ASSIGNMENT. A verbatim copy of all the data is required; the pictures should not appear in it.

DATA LISTING.
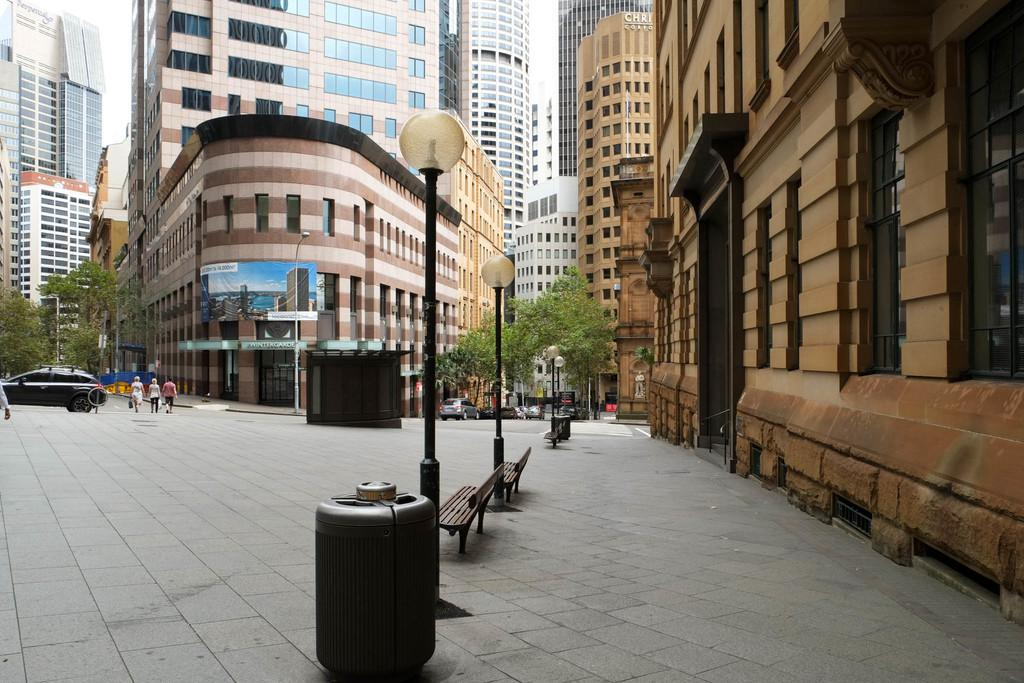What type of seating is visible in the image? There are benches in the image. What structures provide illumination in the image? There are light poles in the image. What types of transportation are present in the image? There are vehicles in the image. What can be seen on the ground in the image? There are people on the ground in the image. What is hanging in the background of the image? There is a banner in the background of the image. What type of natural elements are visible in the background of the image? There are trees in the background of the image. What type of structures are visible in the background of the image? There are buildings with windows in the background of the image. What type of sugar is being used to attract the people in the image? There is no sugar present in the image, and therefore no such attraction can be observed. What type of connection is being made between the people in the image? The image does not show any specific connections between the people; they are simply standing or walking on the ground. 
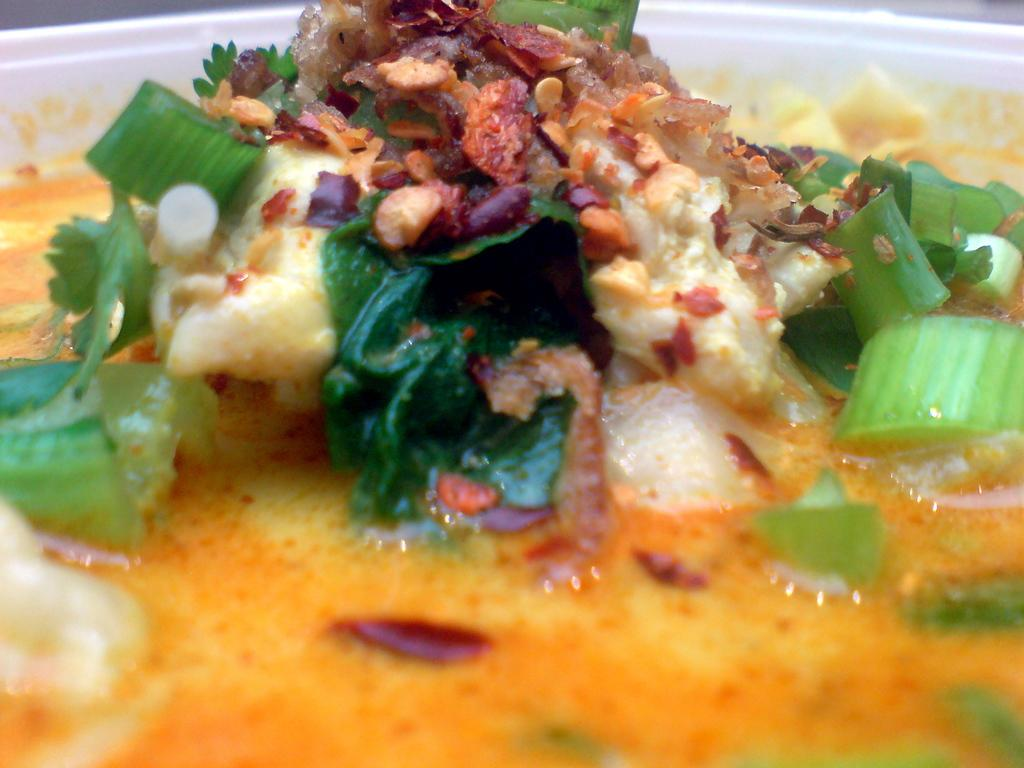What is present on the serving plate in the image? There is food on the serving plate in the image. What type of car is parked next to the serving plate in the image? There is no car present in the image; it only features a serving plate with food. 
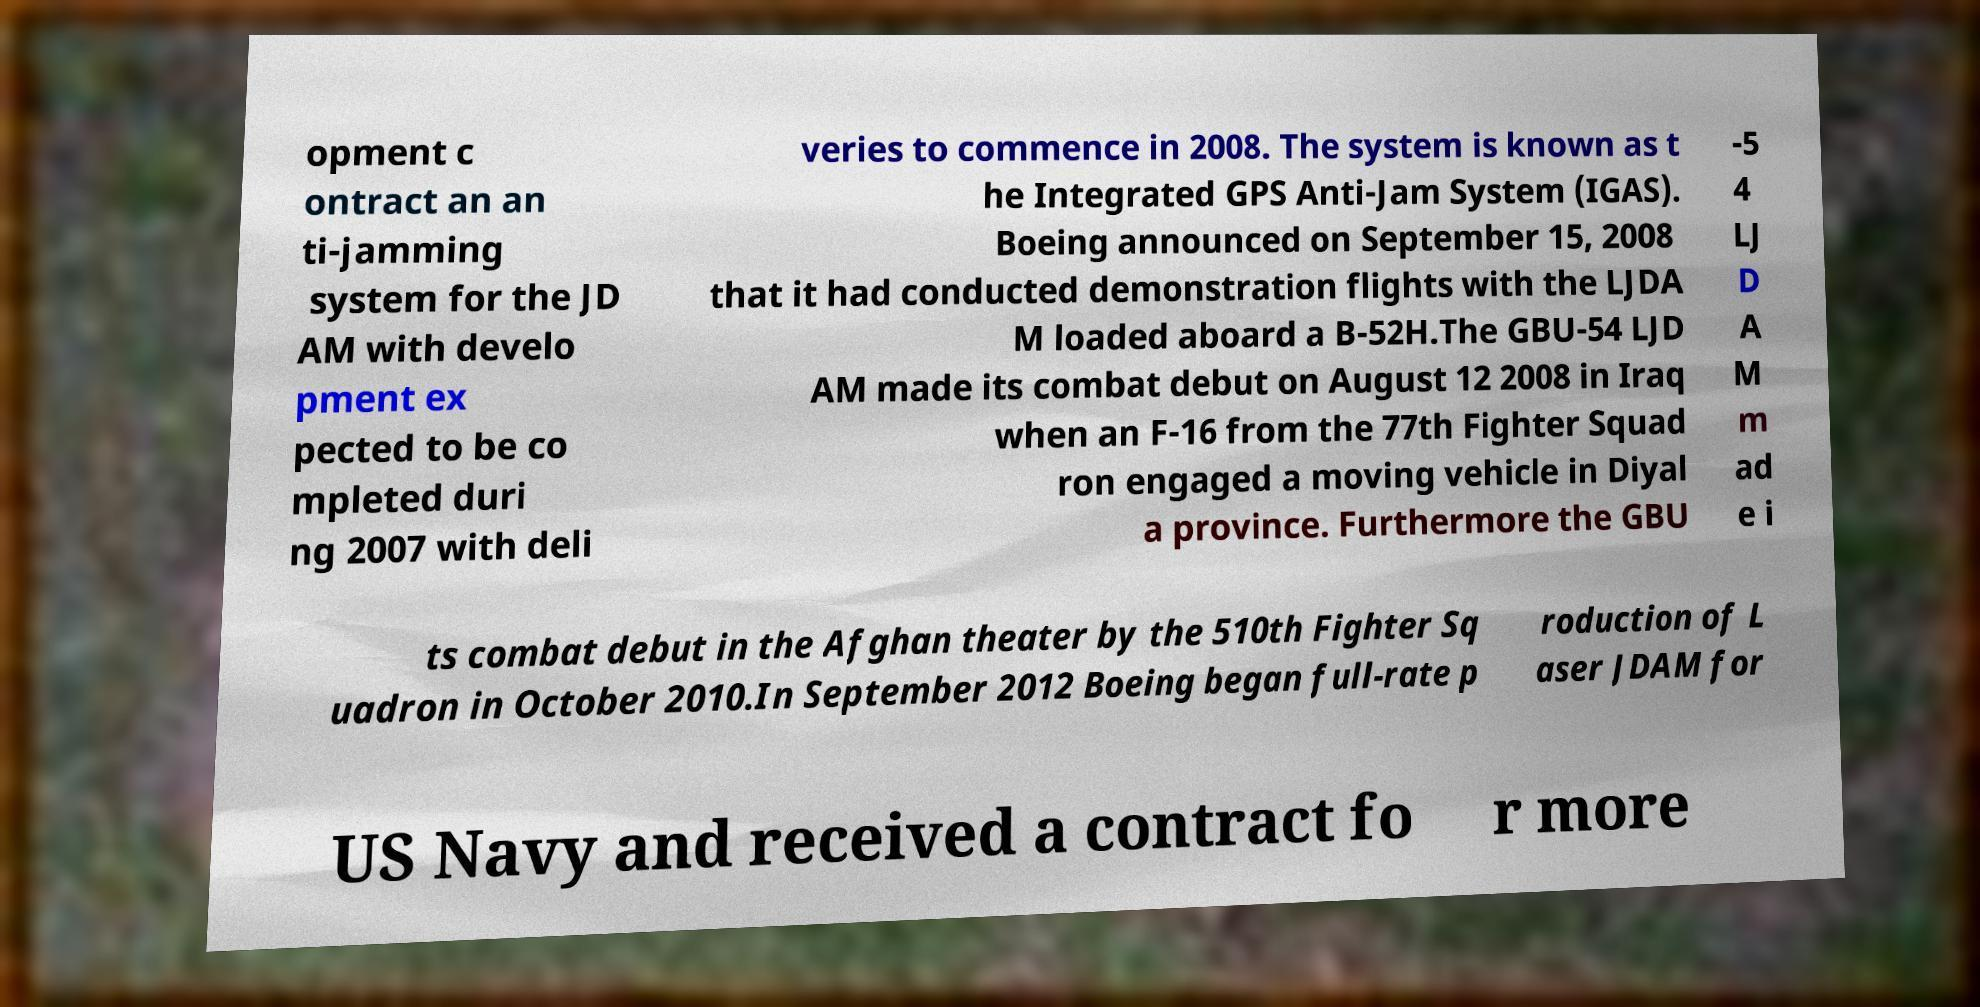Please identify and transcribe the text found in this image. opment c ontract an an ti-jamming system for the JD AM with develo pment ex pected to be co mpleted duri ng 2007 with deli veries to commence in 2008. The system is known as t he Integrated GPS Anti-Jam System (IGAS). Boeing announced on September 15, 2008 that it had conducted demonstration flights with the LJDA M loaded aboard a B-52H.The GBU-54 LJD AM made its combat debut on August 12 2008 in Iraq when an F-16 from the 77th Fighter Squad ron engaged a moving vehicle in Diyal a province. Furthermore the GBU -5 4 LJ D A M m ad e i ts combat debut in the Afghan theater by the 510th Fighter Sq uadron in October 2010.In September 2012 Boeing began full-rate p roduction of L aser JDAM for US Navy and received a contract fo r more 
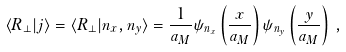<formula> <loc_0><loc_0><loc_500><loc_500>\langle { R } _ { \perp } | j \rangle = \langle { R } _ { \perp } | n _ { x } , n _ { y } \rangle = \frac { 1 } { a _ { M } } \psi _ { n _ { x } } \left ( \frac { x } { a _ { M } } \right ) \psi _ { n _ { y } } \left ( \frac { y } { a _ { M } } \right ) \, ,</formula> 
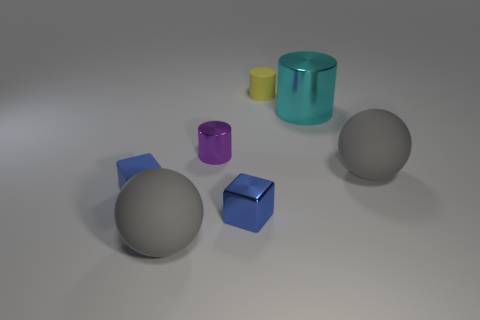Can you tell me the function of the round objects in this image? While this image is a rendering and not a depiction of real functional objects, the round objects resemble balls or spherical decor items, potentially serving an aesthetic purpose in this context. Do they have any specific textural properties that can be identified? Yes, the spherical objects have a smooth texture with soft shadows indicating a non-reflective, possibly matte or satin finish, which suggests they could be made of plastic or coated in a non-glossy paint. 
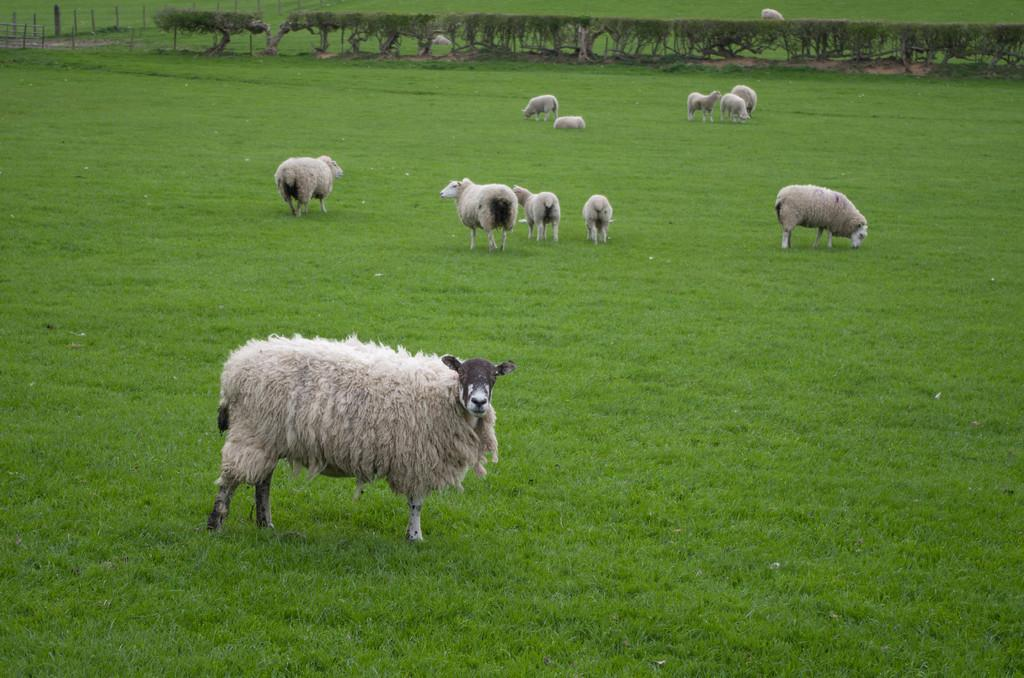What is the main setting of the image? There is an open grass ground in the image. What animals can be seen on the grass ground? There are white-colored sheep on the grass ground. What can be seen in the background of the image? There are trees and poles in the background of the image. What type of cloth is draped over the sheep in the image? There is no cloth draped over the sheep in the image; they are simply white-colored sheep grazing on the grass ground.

TASK RESPONSE.
What type of seating is visible in the image? There are benches in the image. What structures provide illumination in the image? There are light poles in the image. What types of transportation are present in the image? There are vehicles in the image. What can be seen on the ground in the image? There are people on the ground in the image. What is hanging in the background of the image? There is a banner in the background of the image. What type of natural elements are visible in the background of the image? There are trees in the background of the image. What type of structures are visible in the background of the image? There are buildings with windows in the background of the image. What type of sugar is being used to attract the people in the image? There is no sugar present in the image, and therefore no such attraction can be observed. What type of connection is being made between the people in the image? The image does not show any specific connections between the people; they are simply standing or walking on the ground. 
What is present on the serving plate in the image? There is food on the serving plate in the image. What type of car is parked next to the serving plate in the image? There is no car present in the image; it only features a serving plate with food. 
Please identify and transcribe the text found in this image. opment c ontract an an ti-jamming system for the JD AM with develo pment ex pected to be co mpleted duri ng 2007 with deli veries to commence in 2008. The system is known as t he Integrated GPS Anti-Jam System (IGAS). Boeing announced on September 15, 2008 that it had conducted demonstration flights with the LJDA M loaded aboard a B-52H.The GBU-54 LJD AM made its combat debut on August 12 2008 in Iraq when an F-16 from the 77th Fighter Squad ron engaged a moving vehicle in Diyal a province. Furthermore the GBU -5 4 LJ D A M m ad e i ts combat debut in the Afghan theater by the 510th Fighter Sq uadron in October 2010.In September 2012 Boeing began full-rate p roduction of L aser JDAM for US Navy and received a contract fo r more 
<formula> <loc_0><loc_0><loc_500><loc_500>\langle { R } _ { \perp } | j \rangle = \langle { R } _ { \perp } | n _ { x } , n _ { y } \rangle = \frac { 1 } { a _ { M } } \psi _ { n _ { x } } \left ( \frac { x } { a _ { M } } \right ) \psi _ { n _ { y } } \left ( \frac { y } { a _ { M } } \right ) \, ,</formula> 
Can you tell me the function of the round objects in this image? While this image is a rendering and not a depiction of real functional objects, the round objects resemble balls or spherical decor items, potentially serving an aesthetic purpose in this context. Do they have any specific textural properties that can be identified? Yes, the spherical objects have a smooth texture with soft shadows indicating a non-reflective, possibly matte or satin finish, which suggests they could be made of plastic or coated in a non-glossy paint. 
What is the main setting of the image? There is an open grass ground in the image. What animals can be seen on the grass ground? There are white-colored sheep on the grass ground. What can be seen in the background of the image? There are trees and poles in the background of the image. What type of cloth is draped over the sheep in the image? There is no cloth draped over the sheep in the image; they are simply white-colored sheep grazing on the grass ground.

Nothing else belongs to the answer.